A lawsuit challenging the filing of petitions for incorporation of San Tan Valley is needed to protect the town of Queen Creek’s planning area and allow residents in adjacent Pinal County to self-govern in a smaller section or become part of the town, council members said.

“It’s simply a matter of preserving our right – planning-area conflict, No. 1 – and we’ve always been in favor of self-determination for the residents of San Tan Valley, but they need to do it the right way,” Councilman Robin Benning said after the meeting.

“When they draw a map that includes parts of Queen Creek, that’s a problem for me. And when I’m hearing from people saying ‘we don’t want to be part of this,’ that makes me feel less comfortable,” he said.

“There’s a series of steps they could have done. They could have re-drawn the map, but they weren’t willing, and so, for me, it was really simple,” Councilman Benning said.

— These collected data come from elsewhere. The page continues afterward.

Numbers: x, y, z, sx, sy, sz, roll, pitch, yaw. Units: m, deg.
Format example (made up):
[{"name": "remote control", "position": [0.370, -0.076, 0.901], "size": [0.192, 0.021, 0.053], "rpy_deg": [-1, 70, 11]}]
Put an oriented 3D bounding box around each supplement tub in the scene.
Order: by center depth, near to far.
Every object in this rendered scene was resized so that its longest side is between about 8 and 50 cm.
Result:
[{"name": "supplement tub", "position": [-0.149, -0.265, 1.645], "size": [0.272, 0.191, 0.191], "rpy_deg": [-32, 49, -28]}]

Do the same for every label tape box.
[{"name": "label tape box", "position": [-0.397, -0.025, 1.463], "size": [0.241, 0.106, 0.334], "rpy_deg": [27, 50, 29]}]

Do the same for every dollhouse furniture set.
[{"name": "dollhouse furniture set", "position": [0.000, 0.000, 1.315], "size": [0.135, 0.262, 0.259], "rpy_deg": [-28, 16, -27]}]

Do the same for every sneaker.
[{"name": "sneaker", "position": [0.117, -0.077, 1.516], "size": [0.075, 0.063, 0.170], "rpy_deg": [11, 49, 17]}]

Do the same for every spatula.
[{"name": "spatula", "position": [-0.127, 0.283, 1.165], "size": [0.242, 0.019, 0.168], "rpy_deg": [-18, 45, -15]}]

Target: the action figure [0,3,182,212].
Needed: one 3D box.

On April 4 the Vote San Tan Valley Steering Committee submitted more than 5,000 signatures from San Tan Valley citizens asking the Pinal County Board of Supervisors to call an election. They are asking that more than 100,000 people form their own local government.

According to an October 2017 story, the proposed San Tan Valley municipal boundaries were to be Germann Road on the north, Meridian on the west, Phillips and various smaller streets on the south and Central Arizona Project canal and Attaway on the east.

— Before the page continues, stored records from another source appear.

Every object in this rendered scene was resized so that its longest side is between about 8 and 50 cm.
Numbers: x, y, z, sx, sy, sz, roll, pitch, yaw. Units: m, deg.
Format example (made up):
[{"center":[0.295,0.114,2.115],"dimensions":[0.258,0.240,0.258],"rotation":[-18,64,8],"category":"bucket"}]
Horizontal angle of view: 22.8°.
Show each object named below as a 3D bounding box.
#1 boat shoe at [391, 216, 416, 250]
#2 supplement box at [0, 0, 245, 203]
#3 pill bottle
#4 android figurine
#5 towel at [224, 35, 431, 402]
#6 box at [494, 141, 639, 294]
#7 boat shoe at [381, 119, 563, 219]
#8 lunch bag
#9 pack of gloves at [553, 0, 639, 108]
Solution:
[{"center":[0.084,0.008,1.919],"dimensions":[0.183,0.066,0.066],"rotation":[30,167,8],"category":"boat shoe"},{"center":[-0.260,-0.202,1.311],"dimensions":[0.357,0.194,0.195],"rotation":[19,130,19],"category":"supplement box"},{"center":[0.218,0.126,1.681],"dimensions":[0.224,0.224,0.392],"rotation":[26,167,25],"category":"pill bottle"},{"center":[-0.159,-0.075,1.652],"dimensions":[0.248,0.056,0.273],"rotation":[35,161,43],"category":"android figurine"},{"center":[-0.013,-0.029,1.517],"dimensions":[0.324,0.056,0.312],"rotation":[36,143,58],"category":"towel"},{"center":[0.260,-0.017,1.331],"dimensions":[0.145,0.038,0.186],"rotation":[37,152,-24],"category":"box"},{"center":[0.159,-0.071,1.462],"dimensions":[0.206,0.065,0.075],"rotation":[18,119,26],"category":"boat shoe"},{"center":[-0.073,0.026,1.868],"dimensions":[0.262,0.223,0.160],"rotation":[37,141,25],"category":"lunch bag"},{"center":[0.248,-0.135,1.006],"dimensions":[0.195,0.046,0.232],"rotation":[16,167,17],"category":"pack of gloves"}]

“Apparently Queen Creek Town Council was not listening when, in 2017, the Arizona legislature determined that the 100,000-plus population of San Tan Valley could choose whether to incorporate without objection of a town of less than one-half that population,” according to a statement e-mailed by Kate Bigelow on behalf of Vote San Tan Valley.

“Queen Creek’s vote to proceed with a lawsuit opposing the San Tan Valley attempt to vote means that Queen Creek council members only believe in San Tan Valley citizens’ self-determination when they proceed the way Queen Creek wants them to proceed,” Ms. Bigelow said.

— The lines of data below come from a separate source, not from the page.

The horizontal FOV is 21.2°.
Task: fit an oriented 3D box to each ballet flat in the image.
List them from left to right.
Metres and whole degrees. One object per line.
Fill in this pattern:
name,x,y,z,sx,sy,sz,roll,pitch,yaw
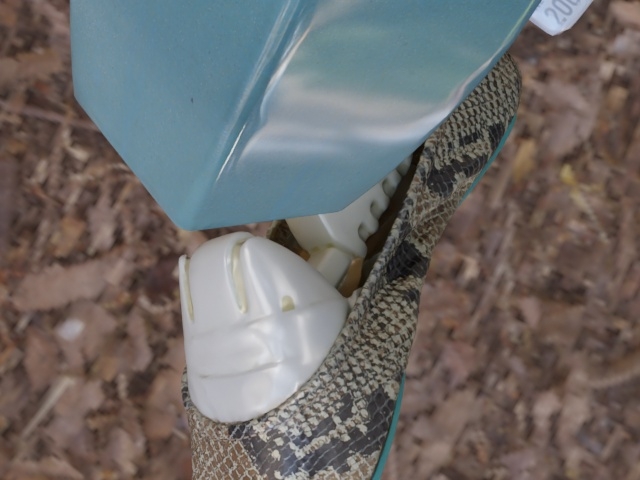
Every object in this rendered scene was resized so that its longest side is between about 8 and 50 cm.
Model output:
ballet flat,0.000,0.000,1.179,0.182,0.164,0.482,51,51,-36

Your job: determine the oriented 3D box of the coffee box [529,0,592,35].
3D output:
coffee box,0.116,-0.354,1.023,0.337,0.334,0.338,-53,178,12

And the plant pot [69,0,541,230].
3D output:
plant pot,-0.010,-0.127,0.762,0.166,0.165,0.234,-8,136,-43

Voting April 12 on directing the town’s attorney to file the lawsuit were Queen Creek Mayor Gail Barney, Vice Mayor Emilena Turley and council members Jake Hoffman, Mr. Benning, Julia Wheatley and Jeff Brown. Council member Dawn Oliphant was absent.

Following the close of the meeting, San Tan Valley resident Rebecca Thuer approached the dais and thanked council members.

Ms. Thuer, a member of the political action committee STV Citizens for Responsible Growth, said she is in favor of incorporation, but not such a wide area or encompassing her home near Octotillo and Ironwood roads.

“The research we’ve been doing with this map: it’s illegal; the big, gigantic 70 square miles on a budget of $35 million,” she said.

“We’ve been fighting this, every angle we can, trying to get information, trying to find out what they’re doing,” Ms. Thuer said.

“We’re for incorporation, just not this incorporation,” she said.

The meeting at the Queen Creek Town Council Community Chambers, 20727 E. Civic Parkway, began at 4:30 p.m. with four of the council. Mayor Barney and council members Mr. Benning, Ms. Wheatley and Mr. Brown voted to go into a closed-door executive session, not open to the public, which was to be held in the Ironwood Conference Room in the Community Chambers Building.

In the executive session the council was to consult with the town’s attorney for legal advice, to consider the town’s position and instruct its attorneys regarding a potential lawsuit related to the incorporation petitions filed by the San Tan Valley Committee. The town’s attorney, Scott Holcomb, spoke to them by phone.

About 5 p.m. the six council members entered the community chambers to discuss and vote on the lawsuit. Only council member Hoffman in the public meeting explained how he would vote.

“I loathe having to make this decision…. We all have stood in support of self-determination for San Tan Valley. We believe that you have the right, that San Tan Valley has the right to create its own destiny,” Councilman Hoffman said prior to the vote.

“The reason why I am going to ultimately vote in favor of this motion is because there are individuals within that area – there are individuals in communities over there – that have said ‘we want self-determination. We want the same right that the rest of San Tan Valley has. We just don’t want or might like another option. We like to have our choice,’” he said.

“We’ve been approached. If I’m going to stand strong as a proponent of self-determination of the folks of San Tan Valley, that also means I need to stand strong for the smaller minority within that community that wants to self-determine somewhere else,” Councilman Hoffman said.

“I would have stated something extremely similar to Jake,” Vice Mayor Turley said after the meeting.

“The reality is, the most important thing to us is self-determination. We want to support that. We want the people to be able to choose whether they want to be in San Tan or whether they want to be in Queen Creek. By so doing, we are going to protect the rights of those people to choose,” she said.

“It is consistent with our position from day one,” Mayor Barney said after the meeting.

“We still think they have self-determination but we have to protect Queen Creek at the same time as far as our planning areas, in our opinion,” he said.

The lawsuit paperwork he had was not yet public record and was to be filed in the Superior Court of the state of Arizona, Mayor Barney said after the meeting.